In certain cases, though, you can add a stopover to your planned oneway award and even decrease the miles price.

Let use a sample itinerary to illustrate what I mean: Say you want to go from Los Angeles to Shanghai with a stop in Frankfurt.

United does not allow stopovers on oneway awards, so ordinarily this would price as two awards: Los Angeles to Frankfurt and Frankfurt to Shanghai.

In business class those trips are 50,000 miles and 65,000 miles.

If you try to book these two separately or as a oneway with a stopover, that would cost you 115,000 miles!

The trick is to book this as a roundtrip flight and tack on a flight later on in the year even if you know you won’t take it. This flight should be in economy because Shanghai to Los Angeles in economy is only 32,500 miles. If we’re not flying the flight, let’s at least make it as cheap as possible.

How can spending 32,500 miles on a flight we aren’t flying save us miles?

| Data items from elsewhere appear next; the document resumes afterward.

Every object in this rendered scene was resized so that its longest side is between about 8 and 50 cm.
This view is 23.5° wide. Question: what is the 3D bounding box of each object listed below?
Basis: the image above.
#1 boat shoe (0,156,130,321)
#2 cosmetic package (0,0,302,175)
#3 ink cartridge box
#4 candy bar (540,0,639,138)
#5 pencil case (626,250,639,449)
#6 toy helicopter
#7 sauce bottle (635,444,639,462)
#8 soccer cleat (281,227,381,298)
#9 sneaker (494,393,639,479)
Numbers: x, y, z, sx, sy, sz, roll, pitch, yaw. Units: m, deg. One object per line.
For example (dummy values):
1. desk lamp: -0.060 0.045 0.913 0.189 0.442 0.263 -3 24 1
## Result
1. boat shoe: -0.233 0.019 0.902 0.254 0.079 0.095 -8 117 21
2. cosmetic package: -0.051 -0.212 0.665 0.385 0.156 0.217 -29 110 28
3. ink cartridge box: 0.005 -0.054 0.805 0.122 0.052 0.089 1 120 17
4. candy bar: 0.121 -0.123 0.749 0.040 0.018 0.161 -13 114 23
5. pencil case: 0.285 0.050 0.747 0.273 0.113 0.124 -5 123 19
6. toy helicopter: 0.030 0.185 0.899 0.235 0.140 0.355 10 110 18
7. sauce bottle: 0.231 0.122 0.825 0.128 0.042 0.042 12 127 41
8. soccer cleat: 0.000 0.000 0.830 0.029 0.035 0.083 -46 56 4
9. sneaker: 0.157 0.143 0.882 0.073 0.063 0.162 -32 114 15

Because a one way business class flight from Los Angeles to Shanghai is 60,000 miles. If we make it a roundtrip where the outbound is 60,000 and the “return” is 32,500, this itinerary can be had for 92,500 miles instead on 115,000.

The reason Los Angeles to Shanghai was pricing at 115,000 miles earlier was the stop in Frankfurt split the award into two expensive awards. As a roundtrip, we are allowed a stop in Frankfurt, and we are allowed to route to Asia via Europe.

All we have to do is find a “return” day to make our “roundtrip” work.

After you find your flights, just call up United at 1-800-UNITED-1 and put these flights together if you can’t book the award online, which may be difficult because the online pricing engine give a lot of error messages.

Bonus

If I booked one of these awards, I would be on the lookout for changes to me phantom “return.” If changes occurred, I would do nothing at first. After flying to Shanghai, I would then call United to cancel the rest of the award because of the changes to the schedule. Talking your way into a refund of the 32,500 miles for the return should be easy.

To maximize your chances of a favorable change for you, book the return for 11 months out to give the schedule plenty of time to change.